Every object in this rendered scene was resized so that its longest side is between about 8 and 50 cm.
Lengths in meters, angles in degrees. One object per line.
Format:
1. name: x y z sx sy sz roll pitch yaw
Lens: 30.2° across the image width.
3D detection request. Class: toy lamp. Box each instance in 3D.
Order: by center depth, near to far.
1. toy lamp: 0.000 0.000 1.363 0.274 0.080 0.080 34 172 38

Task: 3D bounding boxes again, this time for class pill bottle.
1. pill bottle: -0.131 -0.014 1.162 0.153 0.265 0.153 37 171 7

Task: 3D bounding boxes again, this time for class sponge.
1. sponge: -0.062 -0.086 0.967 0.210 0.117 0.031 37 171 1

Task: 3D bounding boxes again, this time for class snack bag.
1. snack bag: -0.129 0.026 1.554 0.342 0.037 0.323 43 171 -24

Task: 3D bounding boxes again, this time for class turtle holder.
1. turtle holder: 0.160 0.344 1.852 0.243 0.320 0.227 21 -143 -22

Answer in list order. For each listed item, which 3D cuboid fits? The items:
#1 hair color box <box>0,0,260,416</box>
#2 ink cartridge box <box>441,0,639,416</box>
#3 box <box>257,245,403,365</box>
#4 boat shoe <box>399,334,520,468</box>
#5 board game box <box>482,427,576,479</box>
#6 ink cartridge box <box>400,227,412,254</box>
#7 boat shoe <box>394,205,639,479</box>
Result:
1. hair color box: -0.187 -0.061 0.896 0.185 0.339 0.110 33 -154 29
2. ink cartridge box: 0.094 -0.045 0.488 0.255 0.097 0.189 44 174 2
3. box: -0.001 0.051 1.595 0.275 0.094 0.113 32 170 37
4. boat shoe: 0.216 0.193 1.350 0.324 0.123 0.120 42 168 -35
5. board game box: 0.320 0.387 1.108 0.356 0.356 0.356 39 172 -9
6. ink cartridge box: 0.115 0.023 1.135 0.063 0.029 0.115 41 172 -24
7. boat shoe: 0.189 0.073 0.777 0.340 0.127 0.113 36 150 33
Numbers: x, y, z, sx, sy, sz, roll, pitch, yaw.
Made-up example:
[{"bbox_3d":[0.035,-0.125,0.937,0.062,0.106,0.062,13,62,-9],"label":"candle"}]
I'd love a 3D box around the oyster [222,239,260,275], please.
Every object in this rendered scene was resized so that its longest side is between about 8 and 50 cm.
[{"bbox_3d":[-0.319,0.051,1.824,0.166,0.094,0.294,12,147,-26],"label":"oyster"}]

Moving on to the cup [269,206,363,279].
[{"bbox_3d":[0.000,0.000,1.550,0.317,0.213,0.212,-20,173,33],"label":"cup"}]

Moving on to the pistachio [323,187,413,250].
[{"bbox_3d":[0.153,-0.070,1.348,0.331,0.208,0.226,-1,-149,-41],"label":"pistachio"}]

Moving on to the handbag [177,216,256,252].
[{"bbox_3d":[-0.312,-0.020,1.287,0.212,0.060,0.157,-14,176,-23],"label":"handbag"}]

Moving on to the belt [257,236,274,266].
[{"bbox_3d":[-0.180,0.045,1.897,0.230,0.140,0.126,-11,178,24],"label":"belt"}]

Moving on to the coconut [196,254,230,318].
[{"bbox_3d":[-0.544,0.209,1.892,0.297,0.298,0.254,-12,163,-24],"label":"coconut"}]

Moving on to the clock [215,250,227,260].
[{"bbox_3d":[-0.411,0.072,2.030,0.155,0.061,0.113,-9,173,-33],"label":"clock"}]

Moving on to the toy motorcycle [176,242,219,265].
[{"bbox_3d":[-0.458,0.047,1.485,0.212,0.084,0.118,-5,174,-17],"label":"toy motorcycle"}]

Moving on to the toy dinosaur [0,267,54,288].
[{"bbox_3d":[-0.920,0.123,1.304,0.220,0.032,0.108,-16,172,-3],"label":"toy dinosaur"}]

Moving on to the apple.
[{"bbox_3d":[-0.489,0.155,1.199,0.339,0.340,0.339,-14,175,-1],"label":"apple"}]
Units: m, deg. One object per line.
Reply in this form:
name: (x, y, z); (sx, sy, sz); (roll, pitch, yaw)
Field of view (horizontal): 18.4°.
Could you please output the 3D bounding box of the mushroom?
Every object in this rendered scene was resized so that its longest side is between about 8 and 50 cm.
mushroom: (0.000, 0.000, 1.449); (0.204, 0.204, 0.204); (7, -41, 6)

____________________

## Work task
Your task is to repeat each line of the material exactly.

## Answer
Every object in this rendered scene was resized so that its longest side is between about 8 and 50 cm.
Lengths in meters, angles in degrees. One object per line.
Format:
1. name: x y z sx sy sz roll pitch yaw
Lens: 30.2° across the image width.
3D detection request. Class: toy lamp. Box each instance in 3D.
Order: by center depth, near to far.
1. toy lamp: 0.000 0.000 1.363 0.274 0.080 0.080 34 172 38

Task: 3D bounding boxes again, this time for class pill bottle.
1. pill bottle: -0.131 -0.014 1.162 0.153 0.265 0.153 37 171 7

Task: 3D bounding boxes again, this time for class sponge.
1. sponge: -0.062 -0.086 0.967 0.210 0.117 0.031 37 171 1

Task: 3D bounding boxes again, this time for class snack bag.
1. snack bag: -0.129 0.026 1.554 0.342 0.037 0.323 43 171 -24

Task: 3D bounding boxes again, this time for class turtle holder.
1. turtle holder: 0.160 0.344 1.852 0.243 0.320 0.227 21 -143 -22

Answer in list order. For each listed item, which 3D cuboid fits? The items:
#1 hair color box <box>0,0,260,416</box>
#2 ink cartridge box <box>441,0,639,416</box>
#3 box <box>257,245,403,365</box>
#4 boat shoe <box>399,334,520,468</box>
#5 board game box <box>482,427,576,479</box>
#6 ink cartridge box <box>400,227,412,254</box>
#7 boat shoe <box>394,205,639,479</box>
Result:
1. hair color box: -0.187 -0.061 0.896 0.185 0.339 0.110 33 -154 29
2. ink cartridge box: 0.094 -0.045 0.488 0.255 0.097 0.189 44 174 2
3. box: -0.001 0.051 1.595 0.275 0.094 0.113 32 170 37
4. boat shoe: 0.216 0.193 1.350 0.324 0.123 0.120 42 168 -35
5. board game box: 0.320 0.387 1.108 0.356 0.356 0.356 39 172 -9
6. ink cartridge box: 0.115 0.023 1.135 0.063 0.029 0.115 41 172 -24
7. boat shoe: 0.189 0.073 0.777 0.340 0.127 0.113 36 150 33
Numbers: x, y, z, sx, sy, sz, roll, pitch, yaw.
Made-up example:
[{"bbox_3d":[0.035,-0.125,0.937,0.062,0.106,0.062,13,62,-9],"label":"candle"}]
I'd love a 3D box around the oyster [222,239,260,275], please.
Every object in this rendered scene was resized so that its longest side is between about 8 and 50 cm.
[{"bbox_3d":[-0.319,0.051,1.824,0.166,0.094,0.294,12,147,-26],"label":"oyster"}]

Moving on to the cup [269,206,363,279].
[{"bbox_3d":[0.000,0.000,1.550,0.317,0.213,0.212,-20,173,33],"label":"cup"}]

Moving on to the pistachio [323,187,413,250].
[{"bbox_3d":[0.153,-0.070,1.348,0.331,0.208,0.226,-1,-149,-41],"label":"pistachio"}]

Moving on to the handbag [177,216,256,252].
[{"bbox_3d":[-0.312,-0.020,1.287,0.212,0.060,0.157,-14,176,-23],"label":"handbag"}]

Moving on to the belt [257,236,274,266].
[{"bbox_3d":[-0.180,0.045,1.897,0.230,0.140,0.126,-11,178,24],"label":"belt"}]

Moving on to the coconut [196,254,230,318].
[{"bbox_3d":[-0.544,0.209,1.892,0.297,0.298,0.254,-12,163,-24],"label":"coconut"}]

Moving on to the clock [215,250,227,260].
[{"bbox_3d":[-0.411,0.072,2.030,0.155,0.061,0.113,-9,173,-33],"label":"clock"}]

Moving on to the toy motorcycle [176,242,219,265].
[{"bbox_3d":[-0.458,0.047,1.485,0.212,0.084,0.118,-5,174,-17],"label":"toy motorcycle"}]

Moving on to the toy dinosaur [0,267,54,288].
[{"bbox_3d":[-0.920,0.123,1.304,0.220,0.032,0.108,-16,172,-3],"label":"toy dinosaur"}]

Moving on to the apple.
[{"bbox_3d":[-0.489,0.155,1.199,0.339,0.340,0.339,-14,175,-1],"label":"apple"}]
Units: m, deg. One object per line.
Reply in this form:
name: (x, y, z); (sx, sy, sz); (roll, pitch, yaw)
Field of view (horizontal): 18.4°.
Could you please output the 3D bounding box of the mushroom?
Every object in this rendered scene was resized so that its longest side is between about 8 and 50 cm.
mushroom: (0.000, 0.000, 1.449); (0.204, 0.204, 0.204); (7, -41, 6)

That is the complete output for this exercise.